Here is output from a ps with the WCHAN column enabled:
PID WIDE S TTY TIME COMMAND
3901 sync_page D ? 00:00:50 postgres: [local] COPY
3916 - S ? 00:00:01 postgres: SELECT
3918 sync_page D ? 00:00:07 postgres: INSERT
3919 semtimedop S ? 00:00:04 postgres: SELECT
3922 - S ? 00:00:01 postgres: SELECT
3923 - S ? 00:00:01 postgres: SELECT
3924 - S ? 00:00:00 postgres: SELECT
3927 - S ? 00:00:06 postgres: SELECT
3928 - S ? 00:00:06 postgres: SELECT
3929 - S ? 00:00:00 postgres: SELECT
3930 - S ? 00:00:00 postgres: SELECT
3931 - S ? 00:00:00 postgres: SELECT
3933 - S ? 00:00:00 postgres: SELECT
3934 - S ? 00:00:02 postgres: SELECT
3935 semtimedop S ? 00:00:13 postgres: UPDATE waiting
3936 - R ? 00:00:12 postgres: SELECT
3937 - S ? 00:00:01 postgres: SELECT
3938 sync_page D ? 00:00:07 postgres: SELECT
3940 - S ? 00:00:07 postgres: SELECT
3943 semtimedop S ? 00:00:04 postgres: UPDATE waiting
3944 - S ? 00:00:05 postgres: SELECT
3948 sync_page D ? 00:00:05 postgres: SELECT
3950 sync_page D ? 00:00:03 postgres: SELECT
3952 sync_page D ? 00:00:15 postgres: SELECT
3964 log_wait_commit D ? 00:00:04 postgres: COMMIT
3965 - S ? 00:00:03 postgres: SELECT
3966 - S ? 00:00:02 postgres: SELECT
3967 sync_page D ? 00:00:01 postgres: SELECT
3970 - S ? 00:00:00 postgres: SELECT
3971 - S ? 00:00:01 postgres: SELECT
3974 sync_page D ? 00:00:00 postgres: SELECT
3975 - S ? 00:00:00 postgres: UPDATE
3977 - S ? 00:00:00 postgres: INSERT
3978 semtimedop S ? 00:00:00 postgres: UPDATE waiting
3981 semtimedop S ? 00:00:01 postgres: SELECT
3982 - S ? 00:00:00 postgres: SELECT
3983 semtimedop S ? 00:00:02 postgres: UPDATE waiting
3984 - S ? 00:00:04 postgres: SELECT
3986 sync_buffer D ? 00:00:00 postgres: SELECT
3988 - R ? 00:00:01 postgres: SELECT
3989 - S ? 00:00:00 postgres: SELECT
3990 - R ? 00:00:00 postgres: SELECT
3992 - R ? 00:00:01 postgres: SELECT
3993 sync_page D ? 00:00:01 postgres: SELECT
3994 sync_page D ? 00:00:00 postgres: SELECT
The easiest:
You can throttle pg_dump using pv.
The harder:
Change your backup procedure. Use for example:
psql -c 'pg_start_backup()'
rsync --checksum --archive /var/lib/pgsql /backups/pgsql
psql -c 'pg_stop_backup()'
But take care that you also need to have continuous archiving set up for this to work and all WAL files created during backup stashed along the data files backup.
Even harder:
You can setup a replicated database (using for example log shipping) on additional cheap disk and instead of backing up production database backup a replica. Even it will fall behind some transactions it will eventually catch up. But check if replica is reasonably up to date before starting backup.
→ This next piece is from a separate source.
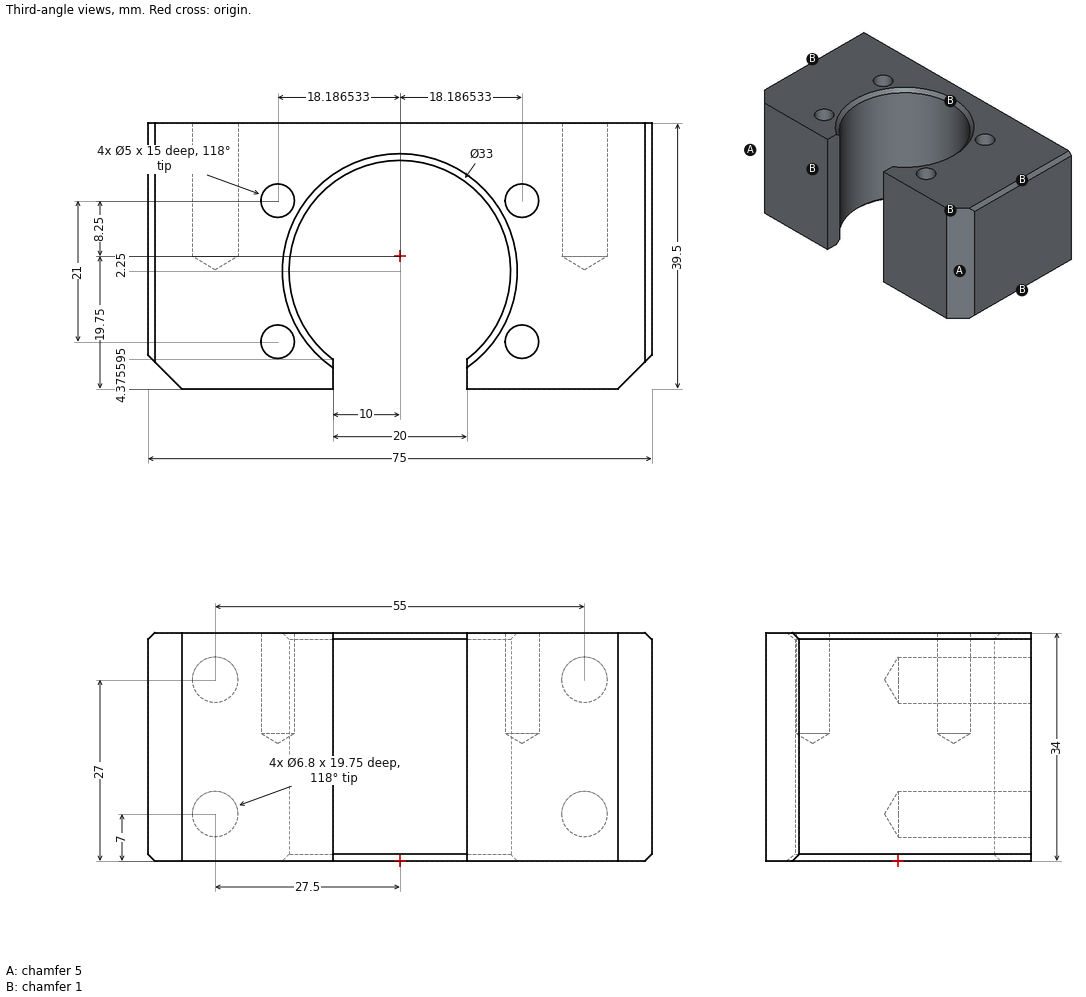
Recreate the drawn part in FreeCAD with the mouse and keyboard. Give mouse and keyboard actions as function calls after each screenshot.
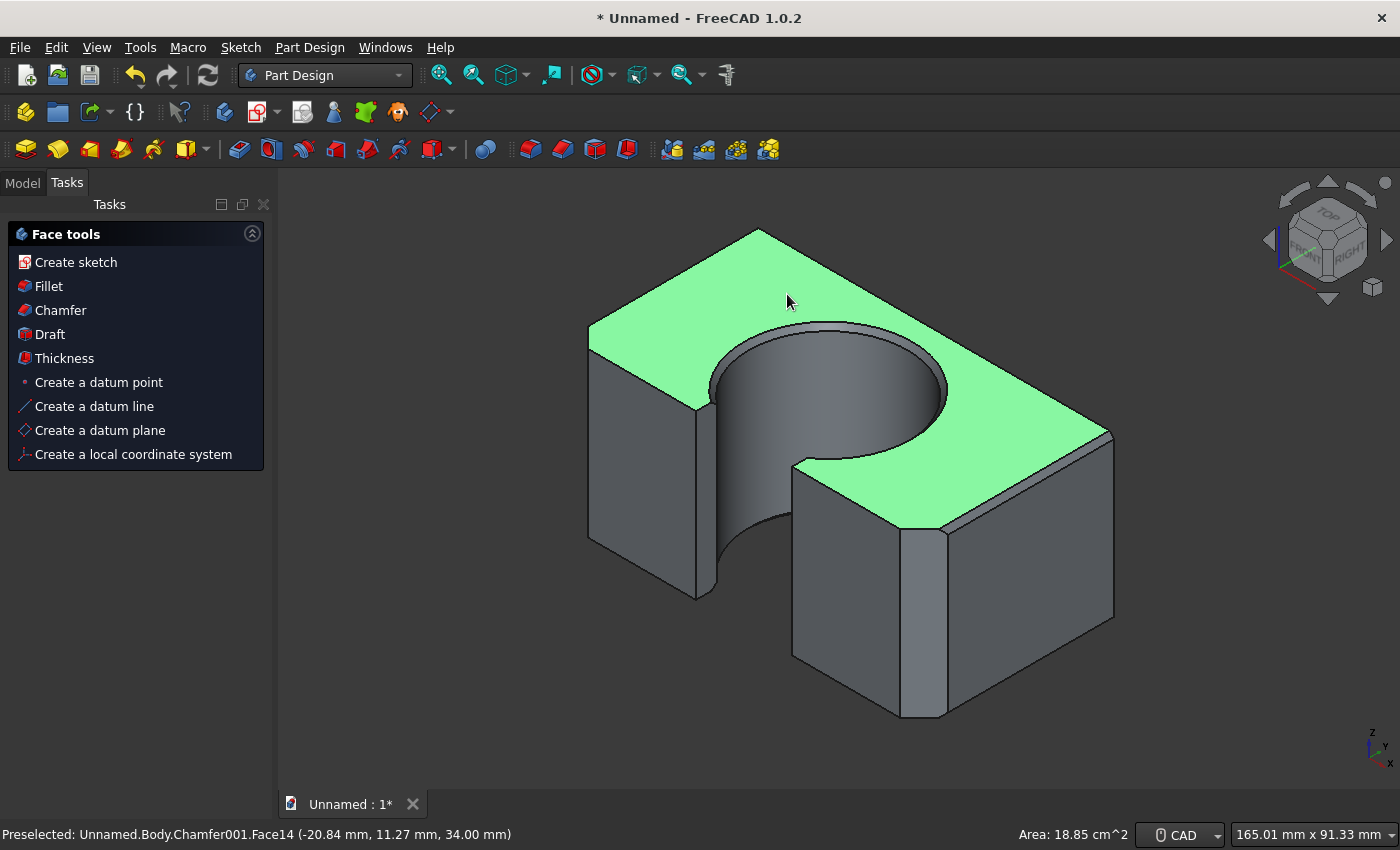
click(258, 112)

Your PS output has multiple UPDATE statements in "waiting" state, which still says locks to me (your locks test query aside). I'm pretty sure you wouldn't see "waiting" in the PS output otherwise. Can you check to see if this query shows anything during the issue:
SELECT * FROM pg_stat_activity WHERE waiting;
(You didn't say what version of PostgreSQL you are running so I'm not sure if this will work.)
If there's anything in there (that is, with waiting = TRUE), then it's a lock/transaction problem.